D. E. Shaw Research, New York, New York 10036, USA.
J Am Chem Soc. 2011 Jun 22;133(24):9181-3. doi: 10.1021/ja202726y. Epub 2011 May 13.
Although the thermodynamic principles that control the binding of drug molecules to their protein targets are well understood, detailed experimental characterization of the process by which such binding occurs has proven challenging. We conducted relatively long, unguided molecular dynamics simulations in which a ligand (the cancer drug dasatinib or the kinase inhibitor PP1) was initially placed at a random location within a box that also contained a protein (Src kinase) to which that ligand was known to bind. In several of these simulations, the ligand correctly identified its target binding site, forming a complex virtually identical to the crystallographically determined bound structure. The simulated trajectories provide a continuous, atomic-level view of the entire binding process, revealing persistent and noteworthy intermediate conformations and shedding light on the role of water molecules. The technique we employed, which does not assume any prior knowledge of the binding site's location, may prove particularly useful in the development of allosteric inhibitors that target previously undiscovered binding sites.
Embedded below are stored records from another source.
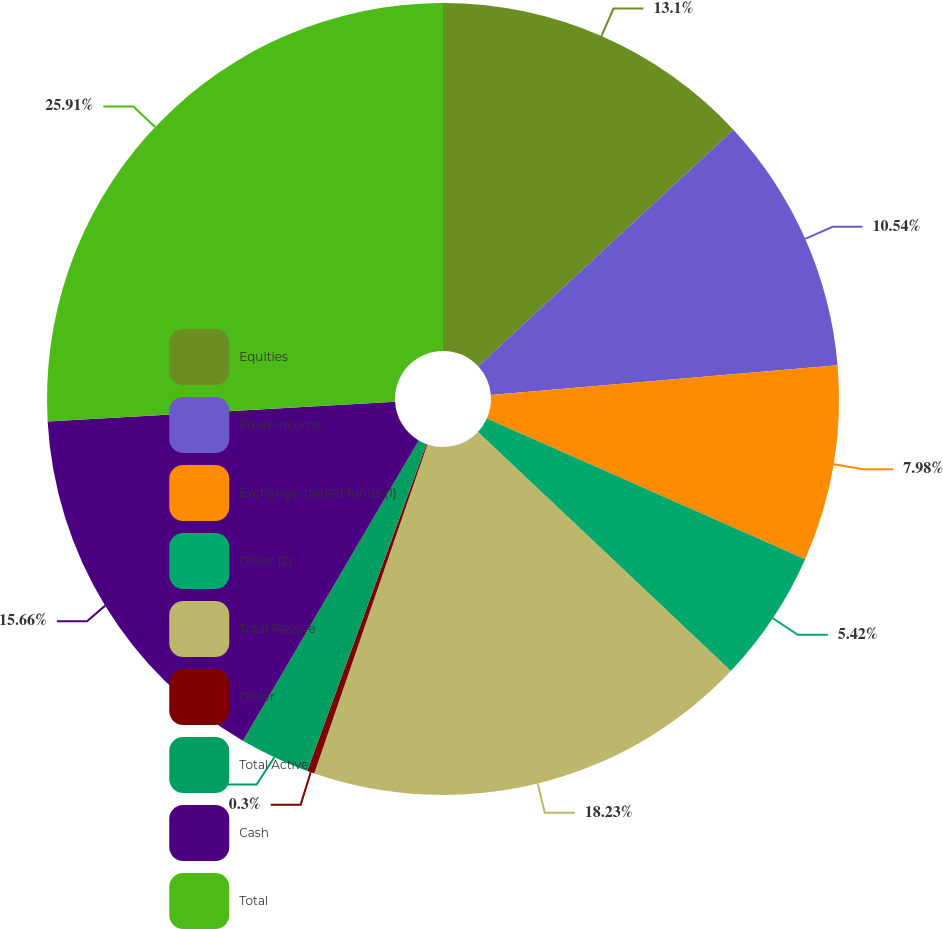Convert chart. <chart><loc_0><loc_0><loc_500><loc_500><pie_chart><fcel>Equities<fcel>Fixed-income<fcel>Exchange-traded funds (1)<fcel>Other (2)<fcel>Total Passive<fcel>Other<fcel>Total Active<fcel>Cash<fcel>Total<nl><fcel>13.1%<fcel>10.54%<fcel>7.98%<fcel>5.42%<fcel>18.22%<fcel>0.3%<fcel>2.86%<fcel>15.66%<fcel>25.9%<nl></chart> 
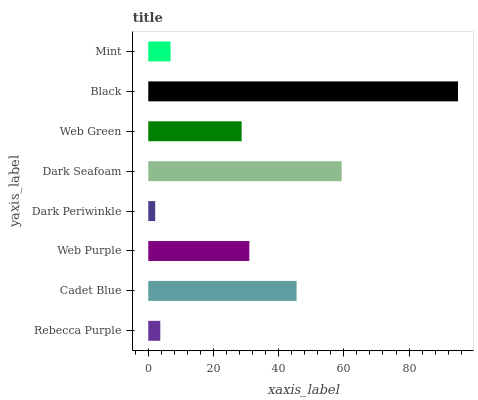Is Dark Periwinkle the minimum?
Answer yes or no. Yes. Is Black the maximum?
Answer yes or no. Yes. Is Cadet Blue the minimum?
Answer yes or no. No. Is Cadet Blue the maximum?
Answer yes or no. No. Is Cadet Blue greater than Rebecca Purple?
Answer yes or no. Yes. Is Rebecca Purple less than Cadet Blue?
Answer yes or no. Yes. Is Rebecca Purple greater than Cadet Blue?
Answer yes or no. No. Is Cadet Blue less than Rebecca Purple?
Answer yes or no. No. Is Web Purple the high median?
Answer yes or no. Yes. Is Web Green the low median?
Answer yes or no. Yes. Is Rebecca Purple the high median?
Answer yes or no. No. Is Black the low median?
Answer yes or no. No. 
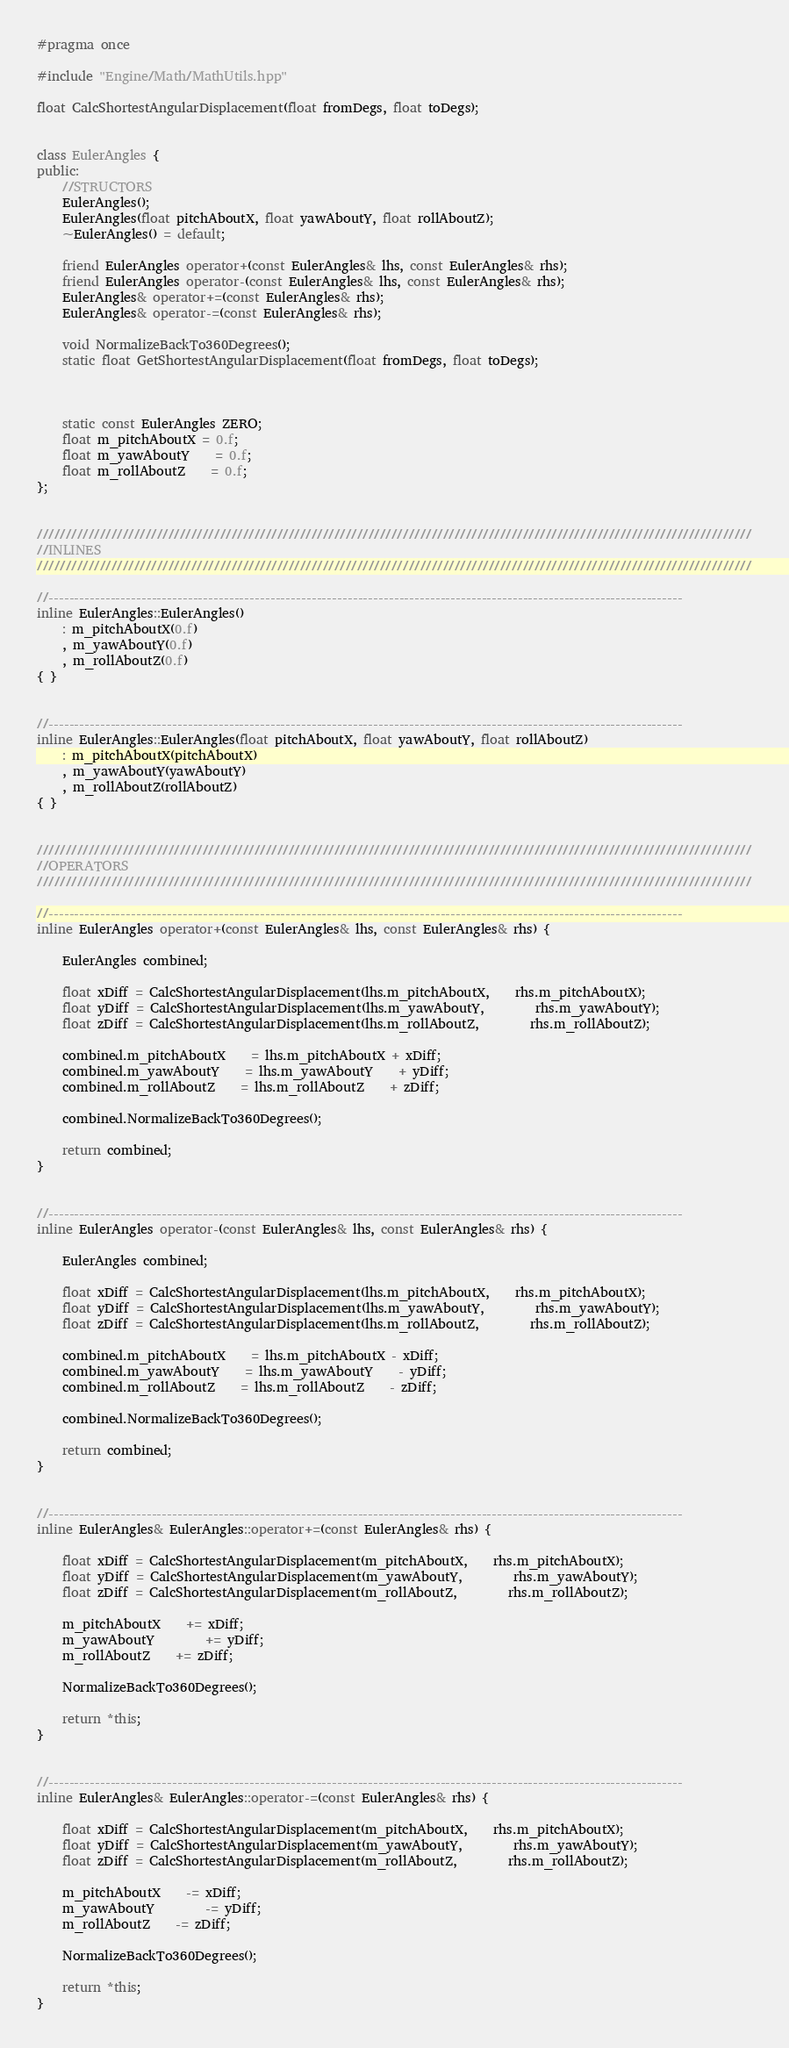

尽管控制药物分子与其蛋白质靶标结合的热力学原理已经得到很好的理解,但详细的实验表征证明,药物分子与蛋白质靶标结合的过程极具挑战性。我们进行了相对较长的、无引导的分子动力学模拟,在这些模拟中,最初将配体(癌症药物达沙替尼或激酶抑制剂 PP1)放置在一个盒子内的随机位置,该盒子内还包含一个已知与该配体结合的蛋白质(Src 激酶)。在这些模拟中的几个中,配体正确地识别出了其靶标结合位点,形成了一个几乎与晶体确定的结合结构完全相同的复合物。模拟轨迹提供了整个结合过程的连续、原子级视图,揭示了持久且值得注意的中间构象,并阐明了水分子的作用。我们所采用的技术不假设对结合位点位置的任何先验知识,这可能在开发靶向以前未发现的结合位点的变构抑制剂方面特别有用。